(Saved entries)

☆ ☆ ☆ ☆ ☆

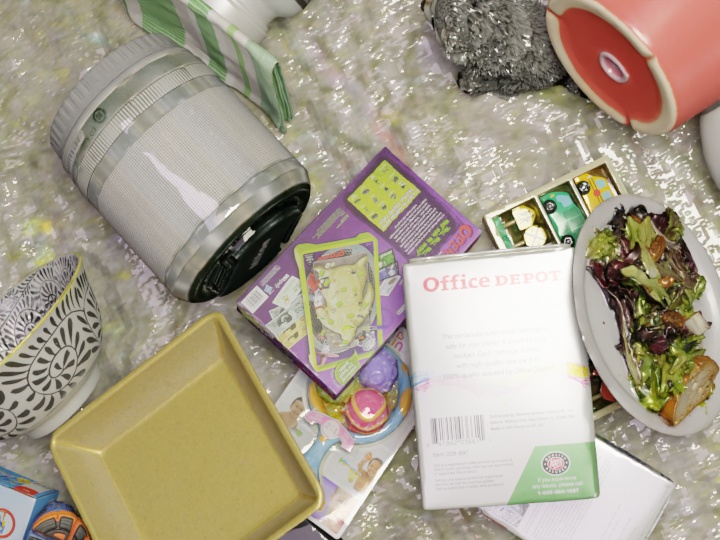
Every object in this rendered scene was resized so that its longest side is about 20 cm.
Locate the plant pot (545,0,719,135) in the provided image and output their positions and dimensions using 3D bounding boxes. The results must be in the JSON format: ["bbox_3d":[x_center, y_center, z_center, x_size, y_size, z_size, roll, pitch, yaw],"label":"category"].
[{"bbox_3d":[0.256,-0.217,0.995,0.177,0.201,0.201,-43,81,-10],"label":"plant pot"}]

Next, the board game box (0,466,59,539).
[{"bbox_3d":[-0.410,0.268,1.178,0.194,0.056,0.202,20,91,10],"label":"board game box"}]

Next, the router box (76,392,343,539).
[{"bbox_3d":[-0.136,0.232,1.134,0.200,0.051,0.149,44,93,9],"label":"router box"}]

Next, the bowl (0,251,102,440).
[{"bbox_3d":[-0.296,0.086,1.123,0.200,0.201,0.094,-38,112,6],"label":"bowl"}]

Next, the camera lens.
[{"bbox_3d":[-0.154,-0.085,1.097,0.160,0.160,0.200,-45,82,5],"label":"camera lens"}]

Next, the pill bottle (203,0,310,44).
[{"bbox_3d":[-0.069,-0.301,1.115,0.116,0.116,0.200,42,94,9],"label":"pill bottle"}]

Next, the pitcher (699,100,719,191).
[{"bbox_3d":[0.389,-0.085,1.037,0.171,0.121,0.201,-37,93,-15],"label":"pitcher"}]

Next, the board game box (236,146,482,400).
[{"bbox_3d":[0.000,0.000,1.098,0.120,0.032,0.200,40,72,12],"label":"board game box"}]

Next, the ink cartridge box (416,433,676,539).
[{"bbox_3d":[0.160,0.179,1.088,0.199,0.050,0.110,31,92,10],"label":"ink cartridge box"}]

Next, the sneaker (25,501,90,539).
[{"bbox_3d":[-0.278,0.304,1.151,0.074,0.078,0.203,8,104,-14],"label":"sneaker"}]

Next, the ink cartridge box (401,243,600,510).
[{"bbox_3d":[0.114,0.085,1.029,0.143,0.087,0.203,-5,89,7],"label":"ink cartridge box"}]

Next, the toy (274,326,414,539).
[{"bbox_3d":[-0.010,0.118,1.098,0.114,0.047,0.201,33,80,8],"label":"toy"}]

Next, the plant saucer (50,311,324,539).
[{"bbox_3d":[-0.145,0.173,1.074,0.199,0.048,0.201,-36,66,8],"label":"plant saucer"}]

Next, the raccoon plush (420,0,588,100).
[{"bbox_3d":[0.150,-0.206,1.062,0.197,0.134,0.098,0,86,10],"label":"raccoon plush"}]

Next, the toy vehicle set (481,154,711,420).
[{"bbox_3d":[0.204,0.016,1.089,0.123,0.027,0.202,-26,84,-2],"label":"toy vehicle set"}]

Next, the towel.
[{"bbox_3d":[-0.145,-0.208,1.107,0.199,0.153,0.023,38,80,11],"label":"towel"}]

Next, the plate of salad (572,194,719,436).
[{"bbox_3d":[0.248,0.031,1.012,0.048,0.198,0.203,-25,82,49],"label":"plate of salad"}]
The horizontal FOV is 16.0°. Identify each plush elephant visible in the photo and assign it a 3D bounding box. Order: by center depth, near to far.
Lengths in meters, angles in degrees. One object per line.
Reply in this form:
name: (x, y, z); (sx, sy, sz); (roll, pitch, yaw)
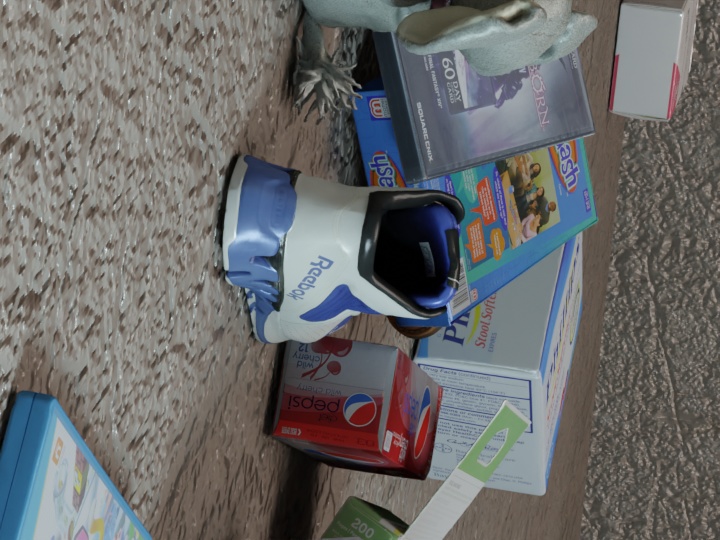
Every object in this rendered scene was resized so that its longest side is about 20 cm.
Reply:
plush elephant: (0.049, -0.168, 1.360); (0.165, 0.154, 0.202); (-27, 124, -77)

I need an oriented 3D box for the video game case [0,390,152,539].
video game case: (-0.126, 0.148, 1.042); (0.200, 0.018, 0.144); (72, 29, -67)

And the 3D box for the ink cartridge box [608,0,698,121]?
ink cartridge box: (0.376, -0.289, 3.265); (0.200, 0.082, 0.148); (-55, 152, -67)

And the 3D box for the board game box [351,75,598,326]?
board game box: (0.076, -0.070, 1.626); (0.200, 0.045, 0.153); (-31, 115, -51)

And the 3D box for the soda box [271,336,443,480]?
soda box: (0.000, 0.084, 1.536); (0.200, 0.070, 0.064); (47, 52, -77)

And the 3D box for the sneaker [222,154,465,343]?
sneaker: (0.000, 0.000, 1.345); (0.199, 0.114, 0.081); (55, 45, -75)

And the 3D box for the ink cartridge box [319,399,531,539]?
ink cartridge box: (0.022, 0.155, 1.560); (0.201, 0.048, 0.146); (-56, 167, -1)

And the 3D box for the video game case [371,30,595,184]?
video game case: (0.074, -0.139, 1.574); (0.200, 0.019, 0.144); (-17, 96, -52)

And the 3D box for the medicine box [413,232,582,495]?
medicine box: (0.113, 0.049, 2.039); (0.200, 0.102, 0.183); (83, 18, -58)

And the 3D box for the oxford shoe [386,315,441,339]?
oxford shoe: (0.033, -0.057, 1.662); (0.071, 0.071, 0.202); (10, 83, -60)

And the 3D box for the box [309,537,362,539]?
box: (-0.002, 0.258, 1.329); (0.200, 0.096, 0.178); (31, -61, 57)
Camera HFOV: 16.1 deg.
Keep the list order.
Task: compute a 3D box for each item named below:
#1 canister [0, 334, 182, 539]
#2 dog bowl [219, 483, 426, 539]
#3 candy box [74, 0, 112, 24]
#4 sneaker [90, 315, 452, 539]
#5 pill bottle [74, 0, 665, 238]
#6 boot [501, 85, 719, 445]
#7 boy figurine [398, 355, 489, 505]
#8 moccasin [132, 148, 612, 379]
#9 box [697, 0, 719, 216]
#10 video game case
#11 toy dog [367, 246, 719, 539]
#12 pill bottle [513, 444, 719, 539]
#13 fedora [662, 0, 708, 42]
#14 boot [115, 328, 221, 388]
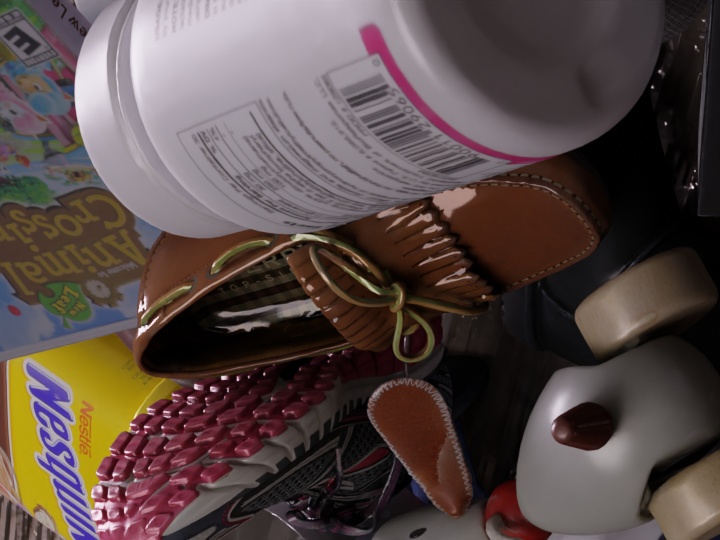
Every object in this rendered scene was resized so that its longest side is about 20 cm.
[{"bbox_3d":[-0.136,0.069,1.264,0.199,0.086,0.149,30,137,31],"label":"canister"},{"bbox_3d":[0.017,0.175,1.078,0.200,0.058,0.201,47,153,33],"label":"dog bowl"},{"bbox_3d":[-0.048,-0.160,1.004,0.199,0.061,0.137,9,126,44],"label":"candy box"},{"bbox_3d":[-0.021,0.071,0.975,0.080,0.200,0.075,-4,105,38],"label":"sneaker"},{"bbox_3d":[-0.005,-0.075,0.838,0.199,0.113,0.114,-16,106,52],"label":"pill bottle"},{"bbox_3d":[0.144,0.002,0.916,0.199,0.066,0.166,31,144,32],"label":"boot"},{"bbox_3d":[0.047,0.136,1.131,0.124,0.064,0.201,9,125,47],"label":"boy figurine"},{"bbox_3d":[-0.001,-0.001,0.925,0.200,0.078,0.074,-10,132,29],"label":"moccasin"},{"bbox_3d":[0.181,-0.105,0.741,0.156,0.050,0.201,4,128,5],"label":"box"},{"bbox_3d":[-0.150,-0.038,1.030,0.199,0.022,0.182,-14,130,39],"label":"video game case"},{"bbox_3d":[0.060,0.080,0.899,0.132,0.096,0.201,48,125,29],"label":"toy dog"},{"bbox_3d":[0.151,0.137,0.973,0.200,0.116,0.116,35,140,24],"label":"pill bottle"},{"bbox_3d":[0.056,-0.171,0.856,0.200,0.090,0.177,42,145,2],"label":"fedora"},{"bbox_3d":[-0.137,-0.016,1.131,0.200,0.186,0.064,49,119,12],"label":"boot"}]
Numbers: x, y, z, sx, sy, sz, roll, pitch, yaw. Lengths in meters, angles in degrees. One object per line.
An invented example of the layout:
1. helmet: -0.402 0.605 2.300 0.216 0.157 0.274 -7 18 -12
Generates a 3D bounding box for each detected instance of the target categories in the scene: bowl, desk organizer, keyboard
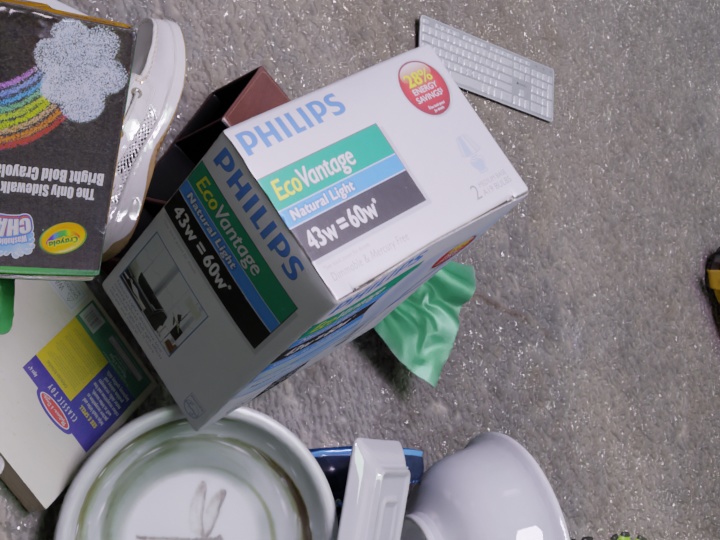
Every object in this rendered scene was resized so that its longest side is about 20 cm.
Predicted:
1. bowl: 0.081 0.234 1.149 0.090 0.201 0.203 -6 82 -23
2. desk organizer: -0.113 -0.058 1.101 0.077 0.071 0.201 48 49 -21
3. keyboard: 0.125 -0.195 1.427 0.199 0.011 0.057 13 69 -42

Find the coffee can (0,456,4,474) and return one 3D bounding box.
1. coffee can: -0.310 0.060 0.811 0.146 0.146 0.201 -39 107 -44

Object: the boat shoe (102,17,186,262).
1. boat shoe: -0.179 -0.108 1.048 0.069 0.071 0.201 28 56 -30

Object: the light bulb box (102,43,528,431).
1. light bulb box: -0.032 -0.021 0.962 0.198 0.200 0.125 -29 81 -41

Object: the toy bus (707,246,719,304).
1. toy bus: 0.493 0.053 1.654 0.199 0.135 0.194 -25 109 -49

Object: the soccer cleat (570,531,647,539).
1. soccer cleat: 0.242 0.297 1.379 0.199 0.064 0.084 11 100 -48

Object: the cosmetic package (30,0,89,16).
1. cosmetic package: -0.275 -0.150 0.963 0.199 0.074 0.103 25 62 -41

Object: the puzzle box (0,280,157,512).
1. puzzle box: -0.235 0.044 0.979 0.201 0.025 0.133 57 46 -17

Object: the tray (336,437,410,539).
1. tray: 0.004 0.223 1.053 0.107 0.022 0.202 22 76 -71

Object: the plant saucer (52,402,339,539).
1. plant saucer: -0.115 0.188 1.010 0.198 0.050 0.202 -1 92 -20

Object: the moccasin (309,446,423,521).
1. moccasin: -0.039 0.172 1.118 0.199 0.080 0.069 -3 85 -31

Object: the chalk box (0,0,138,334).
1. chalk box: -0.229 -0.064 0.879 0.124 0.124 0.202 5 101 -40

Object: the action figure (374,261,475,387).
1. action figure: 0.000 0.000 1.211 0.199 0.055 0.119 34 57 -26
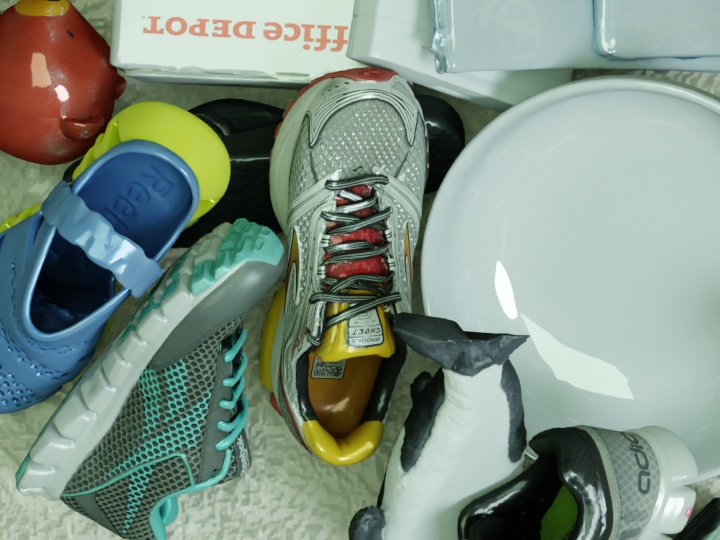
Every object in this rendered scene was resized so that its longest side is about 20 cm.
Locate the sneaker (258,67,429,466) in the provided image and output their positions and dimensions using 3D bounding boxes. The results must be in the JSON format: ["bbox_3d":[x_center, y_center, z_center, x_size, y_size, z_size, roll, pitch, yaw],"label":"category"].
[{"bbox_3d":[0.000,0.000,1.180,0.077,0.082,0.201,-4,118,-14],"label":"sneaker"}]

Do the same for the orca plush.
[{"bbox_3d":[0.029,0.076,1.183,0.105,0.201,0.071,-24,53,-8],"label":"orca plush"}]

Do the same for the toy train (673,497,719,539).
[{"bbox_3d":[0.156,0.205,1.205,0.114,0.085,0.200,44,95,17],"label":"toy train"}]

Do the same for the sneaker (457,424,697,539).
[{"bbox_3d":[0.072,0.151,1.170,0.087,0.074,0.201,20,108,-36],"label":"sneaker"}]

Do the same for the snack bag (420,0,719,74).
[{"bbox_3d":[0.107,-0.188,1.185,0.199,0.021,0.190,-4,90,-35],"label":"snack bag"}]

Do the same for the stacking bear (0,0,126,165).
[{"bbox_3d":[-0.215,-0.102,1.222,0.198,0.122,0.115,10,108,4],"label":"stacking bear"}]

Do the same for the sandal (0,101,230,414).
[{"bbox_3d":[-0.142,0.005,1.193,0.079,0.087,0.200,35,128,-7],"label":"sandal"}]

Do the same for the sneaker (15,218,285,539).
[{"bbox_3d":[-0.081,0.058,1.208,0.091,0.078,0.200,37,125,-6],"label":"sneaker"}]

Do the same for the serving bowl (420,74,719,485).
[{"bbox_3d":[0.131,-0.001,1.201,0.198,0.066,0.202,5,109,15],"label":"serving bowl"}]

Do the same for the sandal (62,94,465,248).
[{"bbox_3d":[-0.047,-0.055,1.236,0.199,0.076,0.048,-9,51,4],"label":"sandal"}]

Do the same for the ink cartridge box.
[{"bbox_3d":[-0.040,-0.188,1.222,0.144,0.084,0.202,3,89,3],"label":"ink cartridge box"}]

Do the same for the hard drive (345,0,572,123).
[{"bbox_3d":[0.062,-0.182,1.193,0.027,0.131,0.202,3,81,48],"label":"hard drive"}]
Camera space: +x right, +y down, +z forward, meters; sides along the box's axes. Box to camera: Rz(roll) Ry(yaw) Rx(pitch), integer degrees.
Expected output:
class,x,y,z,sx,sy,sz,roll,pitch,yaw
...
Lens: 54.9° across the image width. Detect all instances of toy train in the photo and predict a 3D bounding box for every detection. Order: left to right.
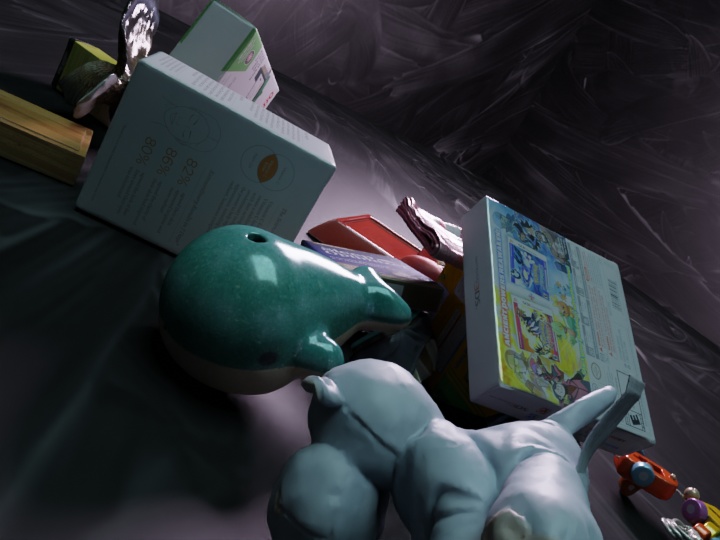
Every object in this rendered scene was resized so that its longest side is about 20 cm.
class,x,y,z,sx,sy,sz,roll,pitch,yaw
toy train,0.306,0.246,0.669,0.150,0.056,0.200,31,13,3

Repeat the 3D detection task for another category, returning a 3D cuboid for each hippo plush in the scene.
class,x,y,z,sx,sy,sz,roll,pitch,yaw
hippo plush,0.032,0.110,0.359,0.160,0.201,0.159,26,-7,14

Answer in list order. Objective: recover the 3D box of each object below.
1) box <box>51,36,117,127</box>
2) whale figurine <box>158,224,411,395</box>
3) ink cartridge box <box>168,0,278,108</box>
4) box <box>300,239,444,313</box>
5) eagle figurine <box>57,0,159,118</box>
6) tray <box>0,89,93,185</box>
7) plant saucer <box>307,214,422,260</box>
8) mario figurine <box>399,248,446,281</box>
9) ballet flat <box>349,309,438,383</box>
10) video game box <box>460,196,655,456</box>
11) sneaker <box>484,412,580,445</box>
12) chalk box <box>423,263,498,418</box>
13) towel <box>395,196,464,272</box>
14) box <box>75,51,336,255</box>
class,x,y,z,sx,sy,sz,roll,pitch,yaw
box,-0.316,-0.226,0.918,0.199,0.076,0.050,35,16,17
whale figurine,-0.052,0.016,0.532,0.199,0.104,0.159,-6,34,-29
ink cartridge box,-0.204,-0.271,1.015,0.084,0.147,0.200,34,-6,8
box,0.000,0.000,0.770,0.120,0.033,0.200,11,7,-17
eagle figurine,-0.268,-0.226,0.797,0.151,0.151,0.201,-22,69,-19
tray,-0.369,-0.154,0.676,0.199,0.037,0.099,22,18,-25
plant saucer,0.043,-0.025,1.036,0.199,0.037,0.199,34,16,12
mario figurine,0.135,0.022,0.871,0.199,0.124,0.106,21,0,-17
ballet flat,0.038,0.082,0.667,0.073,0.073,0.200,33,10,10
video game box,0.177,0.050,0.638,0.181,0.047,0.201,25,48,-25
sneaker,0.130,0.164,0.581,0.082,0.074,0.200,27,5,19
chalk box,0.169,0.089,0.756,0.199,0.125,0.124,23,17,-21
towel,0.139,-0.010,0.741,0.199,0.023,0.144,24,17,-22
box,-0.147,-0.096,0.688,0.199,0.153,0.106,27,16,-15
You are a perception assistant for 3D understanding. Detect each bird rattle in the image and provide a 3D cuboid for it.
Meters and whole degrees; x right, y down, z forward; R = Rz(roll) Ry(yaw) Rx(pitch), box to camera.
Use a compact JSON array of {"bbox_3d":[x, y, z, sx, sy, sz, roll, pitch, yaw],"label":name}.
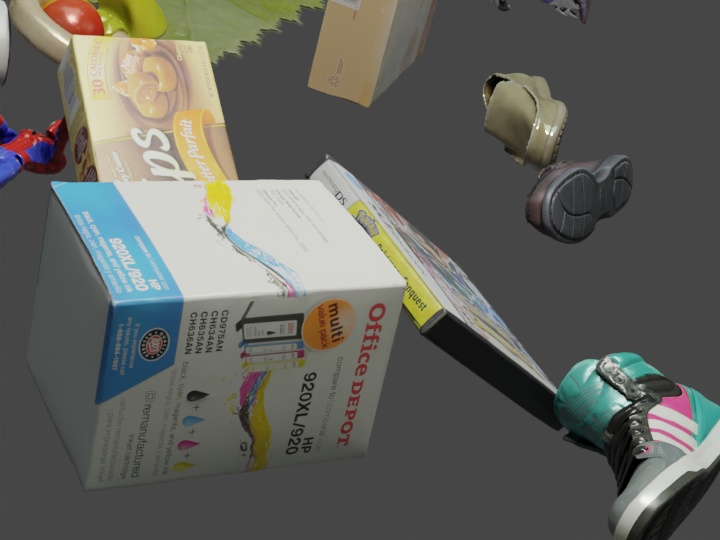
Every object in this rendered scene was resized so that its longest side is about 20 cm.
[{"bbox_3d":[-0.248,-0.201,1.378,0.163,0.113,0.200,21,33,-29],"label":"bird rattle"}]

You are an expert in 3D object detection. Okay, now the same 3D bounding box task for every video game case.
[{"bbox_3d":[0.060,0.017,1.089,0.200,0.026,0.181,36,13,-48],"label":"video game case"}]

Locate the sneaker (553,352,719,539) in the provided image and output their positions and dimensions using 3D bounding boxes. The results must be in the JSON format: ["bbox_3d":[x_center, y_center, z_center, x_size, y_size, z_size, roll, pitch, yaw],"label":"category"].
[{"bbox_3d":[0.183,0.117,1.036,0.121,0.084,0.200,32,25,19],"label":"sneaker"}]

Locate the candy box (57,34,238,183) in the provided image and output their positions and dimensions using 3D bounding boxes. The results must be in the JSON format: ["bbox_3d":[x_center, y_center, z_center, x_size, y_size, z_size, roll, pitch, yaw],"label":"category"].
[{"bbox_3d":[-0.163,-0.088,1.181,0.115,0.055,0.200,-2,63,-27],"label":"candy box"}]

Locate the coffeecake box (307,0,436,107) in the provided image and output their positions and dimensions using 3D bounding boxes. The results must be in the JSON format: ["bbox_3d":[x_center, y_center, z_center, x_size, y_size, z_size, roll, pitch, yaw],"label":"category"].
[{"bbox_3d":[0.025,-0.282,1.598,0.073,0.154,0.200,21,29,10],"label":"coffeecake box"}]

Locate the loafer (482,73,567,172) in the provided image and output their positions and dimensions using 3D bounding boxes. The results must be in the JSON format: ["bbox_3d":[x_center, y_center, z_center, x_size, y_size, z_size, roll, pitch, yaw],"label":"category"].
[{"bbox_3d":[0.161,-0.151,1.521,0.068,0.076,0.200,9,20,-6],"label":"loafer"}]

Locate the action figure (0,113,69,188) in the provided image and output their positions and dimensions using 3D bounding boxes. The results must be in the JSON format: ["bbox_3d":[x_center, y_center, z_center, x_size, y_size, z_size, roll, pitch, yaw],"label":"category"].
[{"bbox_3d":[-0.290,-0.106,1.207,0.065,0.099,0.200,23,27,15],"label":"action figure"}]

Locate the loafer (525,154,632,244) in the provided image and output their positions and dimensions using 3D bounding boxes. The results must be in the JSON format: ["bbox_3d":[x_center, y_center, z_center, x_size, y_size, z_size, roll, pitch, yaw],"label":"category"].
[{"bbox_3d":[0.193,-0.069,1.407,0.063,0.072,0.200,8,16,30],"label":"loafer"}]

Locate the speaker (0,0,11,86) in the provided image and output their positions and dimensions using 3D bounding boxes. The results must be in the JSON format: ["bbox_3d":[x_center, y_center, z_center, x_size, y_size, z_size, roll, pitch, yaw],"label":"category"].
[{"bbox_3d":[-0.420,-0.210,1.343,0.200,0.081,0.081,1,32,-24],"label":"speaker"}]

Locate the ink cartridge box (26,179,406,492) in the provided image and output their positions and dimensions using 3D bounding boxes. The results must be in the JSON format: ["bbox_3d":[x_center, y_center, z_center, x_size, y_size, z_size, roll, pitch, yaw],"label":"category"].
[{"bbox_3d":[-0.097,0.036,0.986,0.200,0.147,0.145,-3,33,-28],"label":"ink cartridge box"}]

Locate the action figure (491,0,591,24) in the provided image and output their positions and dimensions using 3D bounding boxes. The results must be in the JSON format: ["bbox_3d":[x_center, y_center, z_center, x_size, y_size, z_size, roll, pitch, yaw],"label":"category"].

☆ ☆ ☆ ☆ ☆

• The problem:
The lines that contain the word "photo" are wanted; copy each of them from the records.

• Result of the task:
The horizontal FOV is 16.0°. Identify each plush elephant visible in the photo and assign it a 3D bounding box. Order: by center depth, near to far.
Lens: 54.9° across the image width. Detect all instances of toy train in the photo and predict a 3D bounding box for every detection. Order: left to right.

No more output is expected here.